1. an editing system (200) comprising:

Recording medium (204), its stored video data (206), voice data (208) and the bearing data (210) that is associated, the wherein said bearing data that is associated (210) is corresponding with the position angle with respect to the object (108) of video data (206) and/or voice data (208);

Editing machine (202) is used for:

Receiving video data (206), voice data (208) and the bearing data (210) that is associated;

The perceived direction of a part in a part of corresponding voice data (208) in adjustment and the video data (206), make the middle a part of perceived direction of described voice data (208) corresponding to the position angle adjusted value, this position angle adjusted value is corresponding to the relative bearing that reference is carried out at the position angle of different piece in the video data (206) of representing front view; And

At a part in a part of corresponding voice data (208) in described and the video data (206), user's parallactic angle adjusted value is created final audio-video work (212).

2. editing system according to claim 1 (200), wherein, editing machine (202) comprises non-linear editor.

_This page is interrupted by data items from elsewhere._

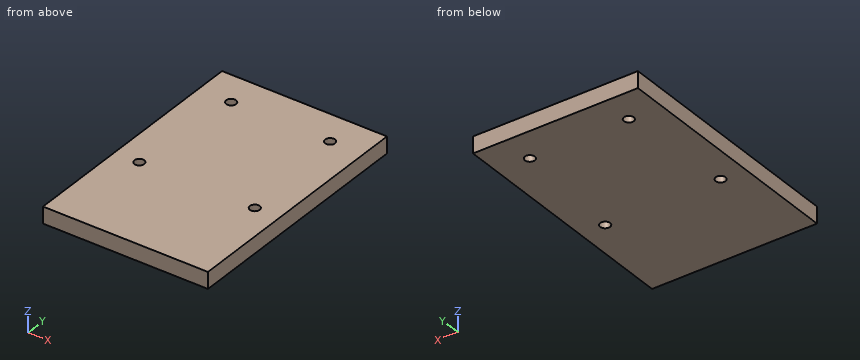
Autodesk Inventor part; units mm, degrees
ref_plane "YZ Plane" through (0, 0, 0) normal (1, 0, 0) x (0, 1, 0)
ref_plane "XZ Plane" through (0, 0, 0) normal (0, 1, 0) x (-1, 0, 0)
ref_plane "XY Plane" through (0, 0, 0) normal (0, 0, 1) x (1, 0, 0)
sketch "Sketch1" plane through (0, 0, 0) normal (0, 0, 1) x (1, 0, 0)
  line L0 (0, 0) -> (50, 0)
  line L1 (50, 0) -> (50, 75)
  line L2 (50, 75) -> (0, 75)
  line L3 (0, 75) -> (0, 0)
  line L4 (10, 65) -> (40, 65) construction
  line L5 (40, 65) -> (42.5, 30) construction
  line L6 (42.5, 30) -> (7.5, 30) construction
  line L7 (7.5, 30) -> (10, 65) construction
  line L8 (8.75, 47.5) -> (41.25, 47.5) construction
  line L9 (25, 65) -> (25, 30) construction
  circle A0 centre (10, 65) radius 1.5
  circle A1 centre (7.5, 30) radius 1.5
  circle A2 centre (42.5, 30) radius 1.5
  circle A3 centre (40, 65) radius 1.5
  point P0 (25, 75)
  dimension "d0" = 50
  dimension "d1" = 75
  dimension "d2" = 35
  dimension "d4" = 3
  dimension "d5" = 3
  dimension "d6" = 3
  dimension "d7" = 3
  dimension "d8" = 10
  dimension "d11" = 30
  dimension "d12" = 35
extrude "Extrusion1" add sketch "Sketch1" along normal blind 5
properties part number "GA006" material "ABS Plastic"
The listing builds one solid part. Answer for the finished solid, in the listing's coordinates (mm). Coordinates: 2 decimals unless noted, no trailing zeros. Order: outer loops, then holes, each group sorted by start corner. A loop starts at its lowest first (then second) coordinate and runs counter-clockwise, first axis right, second up. Notation, with made-up numbers: M -39,-24.5 L -35,-24.5 A25 ccw -35,-8.5 Z; hole C -5.75,23 d6. An arc over 180 degrees is marked long. Use CSV: the item, a comma, the result in double quotes.
Q1. Section B-B (y = 30) is taken. Determine the outline of the cut face in (x, z).
Here are the results:
outline,"M 0,0 L 6,0 L 6,5 L 0,5 Z; M 9,0 L 41,0 L 41,5 L 9,5 Z; M 44,0 L 50,0 L 50,5 L 44,5 Z"
Q2. Section A-A (x = 40) is taken. Determine the outline of the cut face in (y, z), then the cut area to 3 significant figures.
Here are the results:
outline,"M 0,0 L 63.5,0 L 63.5,5 L 0,5 Z; M 66.5,0 L 75,0 L 75,5 L 66.5,5 Z"
area,"360 mm2"
Q3. Given pin 1 Ø1.8 at (x, y) = (7.5, 30) entering from +Z, flat-ended and moving along its own axis, determine where the tip first touches the part or whether it passes through.
Here are the results:
pin 1,"through"
Q4. Straight lines are drawn through the part: L1, parallel to X at y = 65, z = 1.8; L2, parallel to Y at x = 10, z = 1.3; L3, parallel to Y at x = 42.5, z = 2.1. For each, find the intervals that lie inside material, in ascending order.
Here are the results:
L1,"0 to 8.5, 11.5 to 38.5, 41.5 to 50"
L2,"0 to 63.5, 66.5 to 75"
L3,"0 to 28.5, 31.5 to 75"
from build123d import *

# Parameters (mm, degrees)
F0_R     = 1.5
F0_W     = 10
F0_H     = 10
F1_DEPTH = 3
F2_SIZE  = 1
F3_SIZE  = 5


with BuildPart() as f1:
    # F0 (on Top) → F1 (new body)
    with BuildSketch(Plane.XY):
        with BuildLine():
            Line((95.505033, 15), (74.505033, 15))
            ThreePointArc((74.505033, 15), (-76, 0), (74.505033, -15))
            Line((74.505033, -15), (95.505033, -15))
            Line((95.505033, -15), (95.505033, 0))
            Line((95.505033, 0), (95.505033, 15))
        make_face()
        with Locations((0, -73)):
            Circle(F0_R, mode=Mode.SUBTRACT)
        with Locations((-73, 0)):
            Circle(F0_R, mode=Mode.SUBTRACT)
        with BuildLine():
            ThreePointArc((69.8212, 5), (69.955286, 2.501598), (70, 0))
            ThreePointArc((70, 0), (69.955286, -2.501598), (69.8212, -5))
            ThreePointArc((69.8212, -5), (-70, 0), (69.8212, 5))
        make_face(mode=Mode.SUBTRACT)
        with Locations((0, 73)):
            Circle(F0_R, mode=Mode.SUBTRACT)
        with Locations((73, 0)):
            Circle(F0_R, mode=Mode.SUBTRACT)
        with Locations((84.505033, 0)):
            Rectangle(F0_W, F0_H, mode=Mode.SUBTRACT)
    extrude(amount=F1_DEPTH)

    # F2
    f2_edges = [f1.edges().sort_by_distance(p)[0] for p in [
        (-76, 0, 0),
        (-69.8212, -5, 0),
    ]]
    chamfer(f2_edges, length=F2_SIZE)

    # F3
    f3_edges = [f1.edges().sort_by_distance(p)[0] for p in [
        (95.505033, -15, 1.5),
        (95.505033, 15, 1.5),
    ]]
    chamfer(f3_edges, length=F3_SIZE)


solid = f1.part
Read the model definition and answer for the solid it produces. Units are mm, in the model's axes. Round coordinates to 2 decimals unless told otherwise and drop trailing zeros. Loops run counter-clockwise (first coordinate to the right, second up) from the corner with the lowest first, then second, coordinate; pieces in that order, holes last.
Q1. Section A-A on z = 1.6 is taken. Write down the section's boundary in (x, y).
Q2. Each of these flat-tipped pins is pushed along its axis until it touches: pin 1 (1.5 mm diameter, centred on x = -14, z = 2.5, fed in from +Y); pin 2 (0.9 mm diameter, centred on x = 79, z = 1, fed in from -Y); pin 3 (2.5 mm diameter, centred on x = 73, y = 0, fed in from +Z). Where does it stop, or does it pass through?
Q3. Determine the mould class of faces 1 (the face through (-69.935, -3.008, 1.986)), 2 (the face through (73, -5, 0)), 3 (the face through (-75.096, 3.096, 0.16)) for opening direction Y: released by +Y, released by -Y, zero draft, split by the parting line, or undercut.
Q4. Consider probe 1 along Y at (x, z) = (0, 1.95); probe 2 along X at (y, z) = (-0.5, 1.7); probe 3 along Y at (x, z) = (0, 0.95). Determine where each line is inside the solid, lowest interval first.
Output:
1. outline: (74.51, -15) - (90.51, -15) - (95.51, -10) - (95.51, 10) - (90.51, 15) - (74.51, 15) arc R76 ccw (long way) to start; hole circle Ø3 at (-73, 0); hole circle Ø3 at (0, -73); hole circle Ø3 at (0, 73); hole (69.82, -5) arc R70 ccw to (70, 0) arc R70 ccw to (69.82, 5) arc R70 ccw (long way) to start; hole circle Ø3 at (73, 0); hole (79.51, -5) - (89.51, -5) - (89.51, 5) - (79.51, 5) - close
2. pin 1: stops at y = 74.84
2. pin 2: stops at y = -15
2. pin 3: passes through
3. face 1: undercut
3. face 2: zero draft
3. face 3: split by the parting line
4. probe 1: y = -76 to -74.5, -71.5 to -70, 70 to 71.5, 74.5 to 76
4. probe 2: x = -76 to -74.41, -71.59 to -70, 70 to 71.59, 74.41 to 79.51, 89.51 to 95.51
4. probe 3: y = -75.95 to -74.5, -71.5 to -70.05, 70.05 to 71.5, 74.5 to 75.95
from build123d import *

# Parameters (mm, degrees)
F0_W     = 75
F0_H     = 75
F0_W_2   = 66
F0_H_2   = 66
F1_DEPTH = 2394
F2_R     = 30
F3_DEPTH = 9.5
F5_DEPTH = 3


with BuildPart() as f1:
    # F0 (on Top) → F1 (new body)
    with BuildSketch(Plane.XY):
        Rectangle(F0_W, F0_H)
        Rectangle(F0_W_2, F0_H_2, mode=Mode.SUBTRACT)
    extrude(amount=F1_DEPTH)

    # F2 (on Front) → F3 (join, symmetric)
    with BuildSketch(Plane.XZ):
        with BuildLine():
            Line((-50, 2494), (-50, 2344))
            Line((-50, 2344), (50, 2344))
            Line((50, 2344), (50, 2494))
            ThreePointArc((50, 2494), (0, 2544), (-50, 2494))
        make_face()
        with Locations((0, 2494)):
            Circle(F2_R, mode=Mode.SUBTRACT)
    extrude(amount=F3_DEPTH, both=True)

    # F4 (on Front) → F5 (join, symmetric)
    with BuildSketch(Plane.XZ):
        Polygon((-112.5, 0), (-37.5, 0), (-37.5, 75), align=None)
    extrude(amount=F5_DEPTH, both=True)


solid = f1.part
The model under review builds one solid part; all positions refer to its coordinate system, in mm. A direction names the side the tool comes from. Round coordinates to 2 decimals unless told otherwise and drop trailing zeros. Loops run counter-clockwise (first coordinate to the right, second up) from the corner with the lowest first, then second, coordinate; pieces in that order, holes last. Notation, with made-up numbers: M 49,70 L 56,70 A25 cw 56,95 Z; hole C 5.5,85.5 d9. An arc over 180 degrees is marked long. Answer as a JSON object with one key per item and string values.
Item 1: For line 1 along X through (y, z) = (-2, 2494); line 2 along X through (y, z) = (8.5, 696), list the stretches that pass through material, from the lowest coordinate up.
Check sheet entries:
{"line 1": "-50 to -30, 30 to 50", "line 2": "-37.5 to -33, 33 to 37.5"}
Item 2: We need section C-C, the plane y = 21. State the section outline as (x, z) points, and give its area (3 significant figures).
Check sheet entries:
{"outline": "M -37.5,0 L -33,0 L -33,2394 L -37.5,2394 Z; M 33,0 L 37.5,0 L 37.5,2394 L 33,2394 Z", "area": "21,500 mm2"}
Item 3: Tool access review of faces 1 (the face through (-74.5, 0, 38)), 2 (the face through (-59, 3, 21)), 3 (the face through (0, -33, 1180)): name each direction out of +Z, -Z, +X, -X, +Y, -Y from which nothing blocks a thin tool from reaching the whole face with its end or side.
Check sheet entries:
{"face 1": "-X, +Y, -Y", "face 2": "-Z, -X, +Y", "face 3": "+Z, -Z"}
Item 4: Clearance check with flat-ended pins moving along their axes: P1, Ø4, axis at x = 44, y = -2.5, coming from the -Z side; P2, Ø4, axis at y = 18, z = 1484.5, coming from the +X side; P3, Ø1, axis at y = -17.5, z = 739.5, coming from the -X side. State where each tip first meets the part, or that it passes through.
Check sheet entries:
{"P1": "z = 2344", "P2": "x = 37.5", "P3": "x = -37.5"}
Item 5: We need section A-A, the plane z = 600.5. State the section outline as (x, y) points.
Check sheet entries:
{"outline": "M -37.5,-37.5 L 37.5,-37.5 L 37.5,37.5 L -37.5,37.5 Z; hole M -33,-33 L 33,-33 L 33,33 L -33,33 Z"}
Item 6: We need section B-B, the plane x = 0. State the section outline as (y, z) points.
Check sheet entries:
{"outline": "M -37.5,0 L -33,0 L -33,2394 L -37.5,2394 Z; M -9.5,2344 L 9.5,2344 L 9.5,2464 L -9.5,2464 Z; M -9.5,2524 L 9.5,2524 L 9.5,2544 L -9.5,2544 Z; M 33,0 L 37.5,0 L 37.5,2394 L 33,2394 Z"}
Item 7: The part is to be moulded in two halves that separate along Y. For faces 4 (the face through (-1, -9.5, 2423)), 5 (the face through (-59, -3, 21)), 6 (the face through (33, 0, 1180)), 7 (the face through (1.099, -0.133, 2543.988)), say which applies: +Y half, -Y half, draft (parallel to the pull), parting line (faces both ways), or undercut.
Check sheet entries:
{"face 4": "undercut", "face 5": "-Y half", "face 6": "undercut", "face 7": "draft"}
```python
from build123d import *

# Parameters (mm, degrees)
IZIM1_R                     = 15
Y_KSEKLIK_EKSTR_ZYON1_DEPTH = 1
IZIM2_R                     = 11.118013459
Y_KSEKLIK_EKSTR_ZYON2_DEPTH = 15
IZIM3_R                     = 2
KES_EKSTR_ZYON1_DEPTH       = 38.810359459


with BuildPart() as part:
    # Çizim1 → Yükseklik-Ekstrüzyon1 (new body)
    with BuildSketch(Plane.XY):
        with Locations((-15.799728609, 0)):
            Circle(IZIM1_R)
    extrude(amount=Y_KSEKLIK_EKSTR_ZYON1_DEPTH)

    # Çizim2 → Yükseklik-Ekstrüzyon2 (add)
    with BuildSketch(Plane.XY.offset(1)):
        with Locations((-15.799728609, 0)):
            Circle(IZIM2_R)
    extrude(amount=Y_KSEKLIK_EKSTR_ZYON2_DEPTH)

    # Çizim3 → Kes-Ekstrüzyon1 (cut, through all)
    with BuildSketch(Plane.XY.offset(16)):
        with Locations((-15.799728609, 0)):
            Circle(IZIM3_R)
    extrude(amount=-KES_EKSTR_ZYON1_DEPTH, mode=Mode.SUBTRACT)


solid = part.part
```
Geometry check sheet. Reference: the model listing, model coordinates, mm. A direction names the side the tool comes from. Give positions to 0.01 mm unless a question says otherwise; leave off trailing zeros. Write each loop counter-clockwise with the first axis right and the second up, starting at its lowest first coordinate (ties: lowest second). Pieces come first, ordered by that corner, then holes.
1) Access from +Z, -Z, +X, -X, +Y, -Y to the whole of each face (thin tool, end or side, straight path). Record for faces 1 (the flat face through (-26, -5, 1)), 2 (the flat face through (-13, 0, 16)).
2) Section check C-C, the plane y = -5. Record the boundary of the cut face in (x, z), and give its area (3 significant figures).
3) Material ranges on L1, parallel to Z at x = -3.75, y = 5.5; L2, parallel to Y at x = -23.75, z = 2.25; L3, parallel to Y at x = -23.25, z = 7, recorded low to high.
4) Gauge pin test, flat ends, axial feed: pin 1 (5 mm diameter, centred on x = -9.5, z = 4.5, fed in from -Y); pin 2 (5 mm diameter, centred on x = -17.5, z = 5, fed in from -Y); pin 3 (6 mm diameter, centred on x = -22, z = 7, fed in from +Y). Record the tip position at first contact, or that the pin passes through.
5) Section check D-D, the plane z = 1.5. Record the boundary of the cut face in (x, y).
6) Section check B-B, the plane x = -16.25. Record the boundary of the cut face in (y, z), and give its area (3 significant figures).
7) Release check for a two-part mould opening along Y. For faces 3 (the flat face through (-13, 0, 0)), 4 (the cylindrical face through (-13.952, -0.766, 8.112)), 5 (the cylindrical face through (-26.907, 0.489, 8.395)) record: pulls with the +Y half, pulls with the -Y half, needs draft (parallel to the pull), parting line crosses it, or undercut.
8) Section check A-A, the plane y = 0. Record the boundary of the cut face in (x, z).
Computed:
1. face 1: +Z
1. face 2: +Z, +X, -X, +Y, -Y
2. outline: (-29.94, 0) - (-1.66, 0) - (-1.66, 1) - (-5.87, 1) - (-5.87, 16) - (-25.73, 16) - (-25.73, 1) - (-29.94, 1) - close
2. area: 326 mm2
3. L1: z = 0 to 1
3. L2: y = -7.77 to 7.77
3. L3: y = -8.25 to 8.25
4. pin 1: stops at y = -10.45
4. pin 2: stops at y = -11.12
4. pin 3: stops at y = 10.65
5. outline: circle Ø22.24 at (-15.8, 0); hole circle Ø4 at (-15.8, 0)
6. outline: (-14.99, 0) - (-1.95, 0) - (-1.95, 16) - (-11.11, 16) - (-11.11, 1) - (-14.99, 1) - close; (1.95, 0) - (14.99, 0) - (14.99, 1) - (11.11, 1) - (11.11, 16) - (1.95, 16) - close
6. area: 301 mm2
7. face 3: needs draft
7. face 4: undercut
7. face 5: parting line crosses it
8. outline: (-30.8, 0) - (-17.8, 0) - (-17.8, 16) - (-26.92, 16) - (-26.92, 1) - (-30.8, 1) - close; (-13.8, 0) - (-0.8, 0) - (-0.8, 1) - (-4.68, 1) - (-4.68, 16) - (-13.8, 16) - close
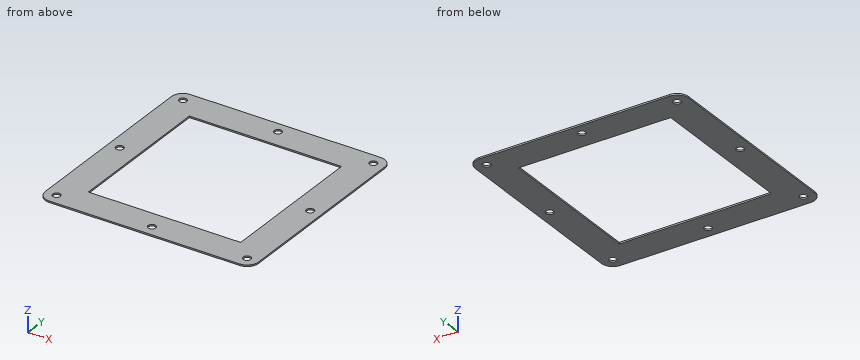
from build123d import *

# Parameters (mm, degrees)
SKETCH2_R           = 5
SKETCH2_R_2         = 4
BOSS_EXTRUDE1_DEPTH = 2
SKETCH3_W           = 200
SKETCH3_H           = 200
CUT_EXTRUDE1_DEPTH  = 10


with BuildPart() as part:
    # Sketch2 → Boss-Extrude1 (new body)
    with BuildSketch(Plane.XY):
        with BuildLine():
            Line((-125, 140), (125, 140))
            ThreePointArc((125, 140), (135.606601718, 135.606601718), (140, 125))
            Line((140, 125), (140, -125))
            ThreePointArc((140, -125), (135.606601718, -135.606601718), (125, -140))
            Line((125, -140), (-125, -140))
            ThreePointArc((-125, -140), (-135.606601718, -135.606601718), (-140, -125))
            Line((-140, -125), (-140, 125))
            ThreePointArc((-140, 125), (-135.606601718, 135.606601718), (-125, 140))
        make_face()
        with Locations((-125, 125)):
            Circle(SKETCH2_R, mode=Mode.SUBTRACT)
        with Locations((0, 125)):
            Circle(SKETCH2_R, mode=Mode.SUBTRACT)
        with Locations((125, 125)):
            Circle(SKETCH2_R, mode=Mode.SUBTRACT)
        Circle(SKETCH2_R_2, mode=Mode.SUBTRACT)
        with Locations((125, 0)):
            Circle(SKETCH2_R, mode=Mode.SUBTRACT)
        with Locations((-125, 0)):
            Circle(SKETCH2_R, mode=Mode.SUBTRACT)
        with Locations((-125, -125)):
            Circle(SKETCH2_R, mode=Mode.SUBTRACT)
        with Locations((0, -125)):
            Circle(SKETCH2_R, mode=Mode.SUBTRACT)
        with Locations((125, -125)):
            Circle(SKETCH2_R, mode=Mode.SUBTRACT)
    extrude(amount=BOSS_EXTRUDE1_DEPTH)

    # Sketch3 → Cut-Extrude1 (cut)
    with BuildSketch(Plane.XY.offset(2)):
        Rectangle(SKETCH3_W, SKETCH3_H)
    extrude(amount=-CUT_EXTRUDE1_DEPTH, mode=Mode.SUBTRACT)


solid = part.part
For this review, take the finished solid that the model builds, in its own axes (mm). Give positions to 0.01 mm unless a question says otherwise; leave off trailing zeros. Loops run counter-clockwise (first coordinate to the right, second up) from the corner with the lowest first, then second, coordinate; pieces in that order, holes last. Notation, with made-up numbers: M 51.5,32 L 77.5,32 A23 cw 77.5,64 Z; hole C 39.25,47.5 d3. An arc over 180 degrees is marked long. Put each result on its own line as item: value. Start each with the question number.
(1) Add section A-A, the plane y = 0. Write out the cut boundary in (x, z).
(2) Add section C-C, the plane z = 1.5. Give the number of separate pieces and of enclosed holes in the cut face, then the cut area to 3 significant figures.
(3) Add section D-D, the plane y = -84. Write out the cut boundary in (x, z), then the cut area to 3 significant figures.
(4) Wall thickness on L1, parallel to Y at x = 125, z = 0.4; L2, parallel to Y at x = 39.5, z = 0.6: over which ranges is each line inside the solid? List them lowest first.
Result:
1. outline: M -140,0 L -130,0 L -130,2 L -140,2 Z; M -120,0 L -100,0 L -100,2 L -120,2 Z; M 100,0 L 120,0 L 120,2 L 100,2 Z; M 130,0 L 140,0 L 140,2 L 130,2 Z
2. separate pieces: 1
2. enclosed holes: 9
2. area: 37,600 mm^2
3. outline: M -140,0 L -100,0 L -100,2 L -140,2 Z; M 100,0 L 140,0 L 140,2 L 100,2 Z
3. area: 160 mm^2
4. L1: y = -140 to -130, -120 to -5, 5 to 120, 130 to 140
4. L2: y = -140 to -100, 100 to 140
Check sheet for the modelled part. Datum: model origin and axes. Units: mm. A direction names the side the tool comes from. Coordinates: 2 decimals unless noted, no trailing zeros. Loops run counter-clockwise (first coordinate to the right, second up) from the corner with the lowest first, then second, coordinate; pieces in that order, holes last. Notation, with made-up numbers: (-32, 18) -> (-11, 18) arc R32 ccw to (-11, 50) -> close; hole circle Ø5 at (-14.5, 4). An arc over 180 degrees is marked (long way). Use CSV: the item, a comma, the result in double quotes.
```python
from build123d import *

# Parameters (mm, degrees)
BASE_FLANGE1_DEPTH = 374.65
SKETCH2_R          = 2.45745
CUT_EXTRUDE1_DEPTH = 3.175
SKETCH4_R          = 2.45745
CUT_EXTRUDE2_DEPTH = 3.175
FILLET1_R          = 3.175


# Sheet-metal steps are written as plain solids
with BuildPart() as part:
    # Sketch1 → Base-Flange1 (new body)
    with BuildSketch(Plane(origin=(0, 0, 0), x_dir=(1, 0, 0), z_dir=(0, 1, 0))):
        with BuildLine():
            Line((60.81522, 25.4), (60.81522, 6.35))
            ThreePointArc((60.81522, 6.35), (58.955348061, 1.859871939), (54.46522, 0))
            Line((54.46522, 0), (3.666174209, 0))
            ThreePointArc((3.666174209, 0), (0.491174209, 0.850738686), (-1.833087105, 3.175))
            Line((-1.833087105, 3.175), (-27.23261, 47.168264143))
            ThreePointArc((-27.23261, 47.168264143), (-27.866977683, 51.986765079), (-24.908348686, 55.842525457))
            Line((-24.908348686, 55.842525457), (-8.410564744, 65.367525457))
            Line((-8.410564744, 65.367525457), (-6.823064744, 62.6178948))
            Line((-6.823064744, 62.6178948), (-23.320848686, 53.0928948))
            ThreePointArc((-23.320848686, 53.0928948), (-24.800163184, 51.165014611), (-24.482979343, 48.755764143))
            Line((-24.482979343, 48.755764143), (0.916543552, 4.7625))
            ThreePointArc((0.916543552, 4.7625), (2.078674209, 3.600369343), (3.666174209, 3.175))
            Line((3.666174209, 3.175), (54.46522, 3.175))
            ThreePointArc((54.46522, 3.175), (56.71028403, 4.10493597), (57.64022, 6.35))
            Line((57.64022, 6.35), (57.64022, 25.4))
            Line((57.64022, 25.4), (60.81522, 25.4))
        make_face()
    extrude(amount=BASE_FLANGE1_DEPTH)

    # Sketch2 → Cut-Extrude1 (cut)
    with BuildSketch(Plane.XY):
        with Locations((16.366174209, 361.95)):
            Circle(SKETCH2_R)
        with Locations((16.366174209, 336.55)):
            Circle(SKETCH2_R)
        with Locations((41.766174209, 336.55)):
            Circle(SKETCH2_R)
        with Locations((41.766174209, 361.95)):
            Circle(SKETCH2_R)
        with Locations(Location((41.766174209, 12.7, 0), (0, 0, 180))):
            Circle(SKETCH2_R)
        with Locations(Location((16.366174209, 12.7, 0), (0, 0, 180))):
            Circle(SKETCH2_R)
        with Locations(Location((41.766174209, 38.1, 0), (0, 0, 180))):
            Circle(SKETCH2_R)
        with Locations(Location((16.366174209, 38.1, 0), (0, 0, 180))):
            Circle(SKETCH2_R)
    cut_extrude1 = extrude(amount=-CUT_EXTRUDE1_DEPTH, mode=Mode.SUBTRACT)

    # Sketch4 → Cut-Extrude2 (cut)
    with BuildSketch(Plane(origin=(60.81522, 0, 0), x_dir=(0, 0, -1), z_dir=(1, 0, 0))):
        with Locations((15.875, 361.95)):
            Circle(SKETCH4_R)
        with Locations(Location((15.875, 12.7, 0), (0, 0, 180))):
            Circle(SKETCH4_R)
        with Locations((15.875, 187.325)):
            Circle(SKETCH4_R)
    cut_extrude2 = extrude(amount=-CUT_EXTRUDE2_DEPTH, mode=Mode.SUBTRACT)

    # Mirror1: Cut-Extrude1, Cut-Extrude2 across plane
    add(cut_extrude1.mirror(Plane(origin=(0, 0, 0), x_dir=(-0.49999999999999795, 0, 0.8660254037844398), z_dir=(-0.8660254037844398, 0, -0.49999999999999795))), mode=Mode.SUBTRACT)
    add(cut_extrude2.mirror(Plane(origin=(0, 0, 0), x_dir=(-0.49999999999999795, 0, 0.8660254037844398), z_dir=(-0.8660254037844398, 0, -0.49999999999999795))), mode=Mode.SUBTRACT)

    # Fillet1
    fillet1_edges = [part.edges().sort_by_distance(p)[0] for p in [
        (-7.616814744, 0, -63.992710128),
        (59.22772, 0, -25.4),
        (-7.616814744, 374.65, -63.992710128),
        (59.22772, 374.65, -25.4),
    ]]
    fillet(fillet1_edges, radius=FILLET1_R)


solid = part.part
```
1) Draft check along X on faces 1 (the flat face through (-14.96, 184.7, -57.92)), 2 (the flat face through (-11.961, 184.702, -27.067)), 3 (the cylindrical face through (-27.885, 184.702, -51.919)). Enter one of: released by +X, released by -X, zero draft, split by the parting line, or undercut.
Answer below:
face 1,"released by +X"
face 2,"undercut"
face 3,"released by -X"
2) Thickness scan on line 1 along X through (y, z) = (361, -1); line 2 along Z through (x, y) = (12.5, 100) (3 decimals); line 3 along X through (y, z) = (38, -2). Record the ranges inside material, lowest first. Write a range as from..to.
Answer below:
line 1,"x = 0.25..14.1, 18.63..39.5, 44.03..57.89"
line 2,"z = -3.175..0"
line 3,"x = -0.96..13.91, 18.82..39.31, 44.22..59.09"
3) Go/stop test with flat-tipped pins: pin 1 Ø2.5 at (x, y) = (59, 241.5) entering from -Z; pin 2 Ø12 at (y, z) = (144, -18.5) entering from -X; pin 3 Ø5.5 at (y, z) = (119.5, -16) entering from -X. Record where each tip stops, or that it passes through.
Answer below:
pin 1,"stops at z = -25.4"
pin 2,"stops at x = -14.15"
pin 3,"stops at x = -10.83"
4) Access from +Z, -Z, +X, -X, +Y, -Y to the whole of each face (thin tool, end or side, straight path). Record for faces 4 (the flat face through (-3, 0, -11)), 5 (the flat face through (57.64, 184.7, -15.7)).
Answer below:
face 4,"+Z, -Z, +X, -X, -Y"
face 5,"-Z, +Y, -Y"
5) Cross-section at B-B on z = -44. Record the boundary of the cut face in (x, y).
Answer below:
outline,"(-25.4, 0) -> (-21.74, 0) -> (-21.74, 374.65) -> (-25.4, 374.65) -> close"

3. editing system according to claim 1 (200), wherein, editing machine (202) allows the user to select front view.

4. editing system according to claim 1 (200), wherein, bearing data (210) comprises metadata.

5. editing system according to claim 1 (200), wherein, editing system (200) comprises fine setting control, to carry out the adjustment to the position angle adjusted value in final audio-video work (212).

6. the method for editing video data (206) and voice data (208) comprising:

The bearing data (210) that receives (304) video data (206), voice data (208) and be associated, the wherein said bearing data that is associated (210) is corresponding with the position angle with respect to the object (108) of video data (206) and/or voice data (208); And

Adjust in (308) and the video data (206) perceived direction of a part in a part of corresponding voice data (208), make the perceived direction of a part in the described voice data (208) corresponding to the position angle of the middle different piece of the video data of represent front view (206).

7. method according to claim 6 (300) comprising: select (306) front view.

8. method according to claim 6 (300), wherein, bearing data (210) comprises metadata.

9. method according to claim 6 (300) comprising: it is about with respect to 0 ° of the angle of object (108) that perceived direction is defined as.

10. method according to claim 6 (300) comprising: carry out fine setting adjustment to perceived direction to be included in the final audio-video work (212).

11. method according to claim 6 (300) comprising: obtain voice data (208) with directional microphone (104).

12. method according to claim 6 (300) comprising: video data (206), voice data that obtains that record obtains and the bearing data that is associated.

13. method according to claim 12 (300) comprising: the video data (206), the voice data (208) that obtains and the bearing data that is associated that obtain with camera record.